Braye Harbour Looking West from Fort Albert
Have folding bike, will travel
Somewhat later than expected, we transported our folding bikes ashore and explored the island. It is only 3½ x 1½ miles in size with a normal population of about 2000. Strategically significant, it is covered in forts and castles dating from Roman times right up to WWII. Unspoilt, it was a delight to explore. St Anne’s town has real character with cobbled streets and small shops. Sadly most were closed on Wednesday afternoon; our loss with the late start. We cycled around the whole island stopping at numerous beautiful beaches, Mannez Lighthouse at the far NE of the island and headlands at the opposite end, where we had fantastic views for Fort Clonque and the Gannet colony on Les Etacs.

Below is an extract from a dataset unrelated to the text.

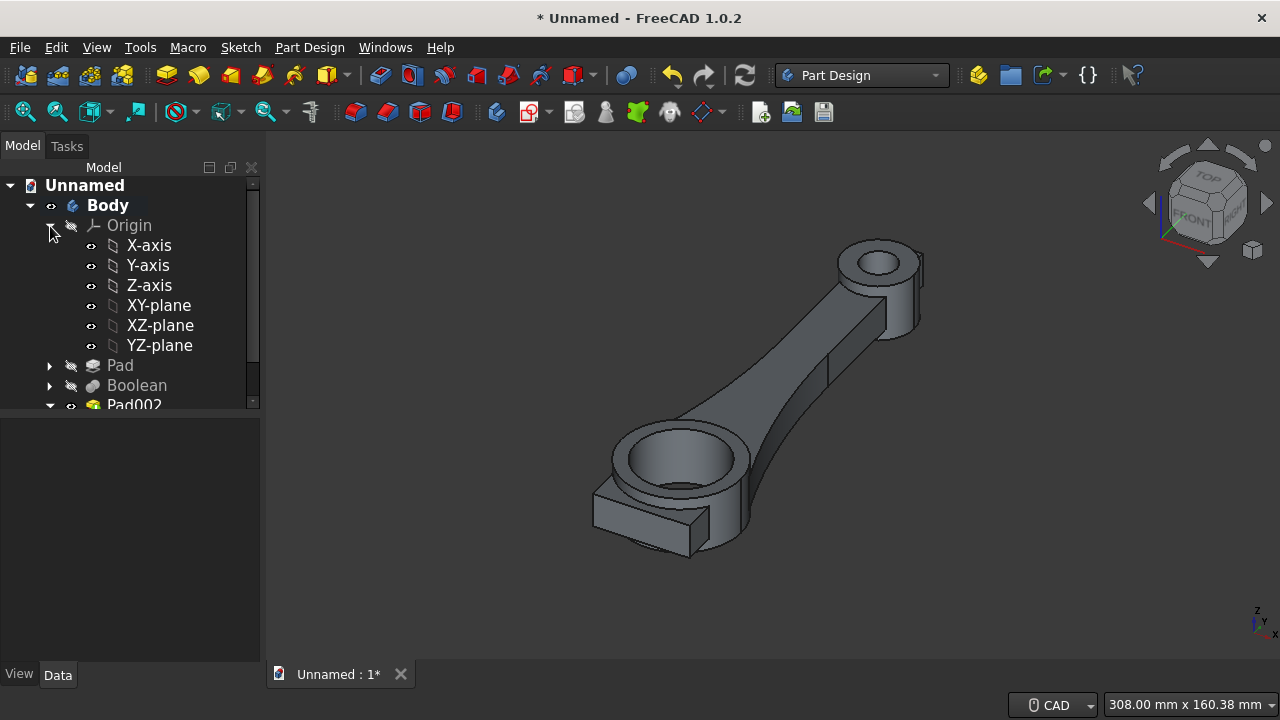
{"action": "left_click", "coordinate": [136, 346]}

Corblets Bay, Fort Corblets and Mannez Lighthouse    
Saye Bay

The main (and only) town of St Anne’s
Les Etacs reported to have around 7000 nesting pairs of Gannets
Thursday 23 August morning was glorious with clear blue skies. We went for a run along the beach and up to Fort Albert; fantastic views. Once back onboard we stowed the dingy and outboard motor ready to set off in the afternoon. We had to do some careful checking of the tides to decide on our departure time because the tides run extremely strongly around Alderney. They run faster than BV can sail or motor so timing the tide and very careful navigation would be needed to make sure we didn’t get into trouble.

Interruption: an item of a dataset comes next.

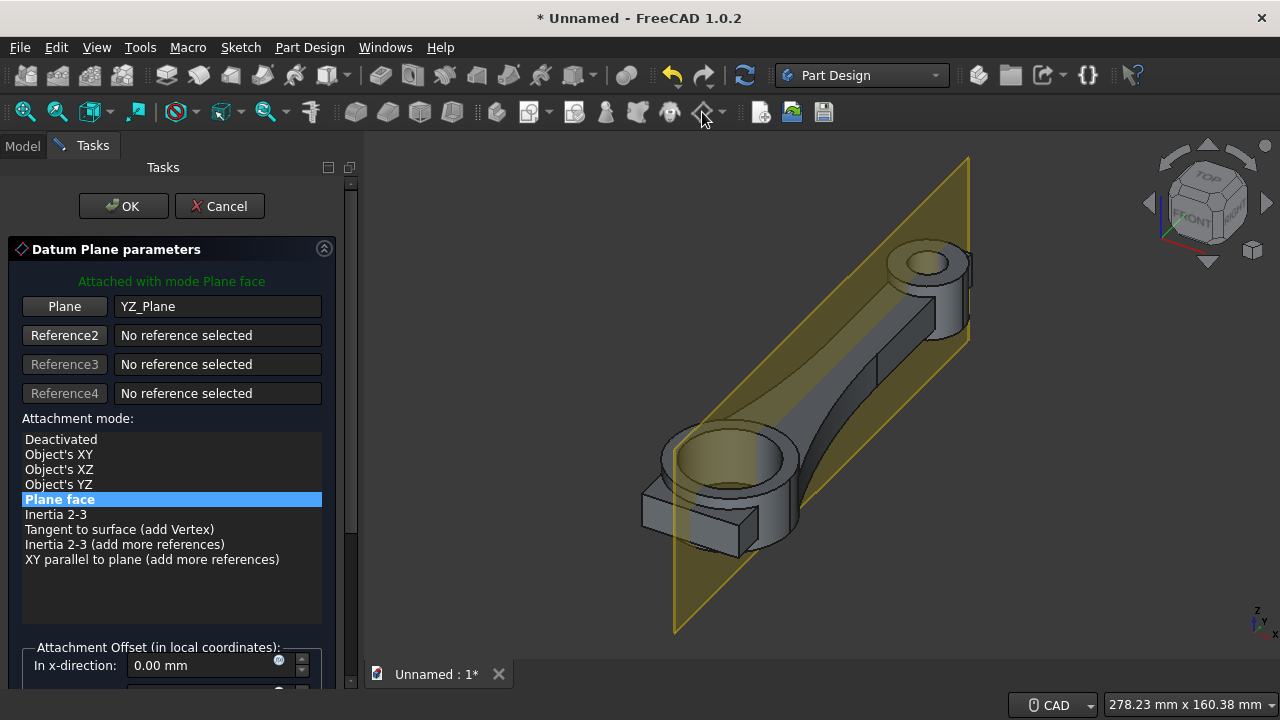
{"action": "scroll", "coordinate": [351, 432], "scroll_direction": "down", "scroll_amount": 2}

After an indulgent lunch, which included the garlic snails, French bread and cheese, we made the most of the clear blue skies and sunshine by lazing in the cockpit and reading. Mid afternoon we raised the anchor and departed Braye Harbour looking suspiciously at the halo around the sun caused by high level cloud because it normally heralds the arrival of a frontal weather system. Our immediate minor frustration was the lack of wind as we motored through the infamous Swinge with double our normal speed due to the fast running tide as we headed the short distance towards Guernsey. The weather update in a few hours would confirm whether or not we could sneak in a night at anchor off one of the beaches of Sark before moving to the security of St Peter Port.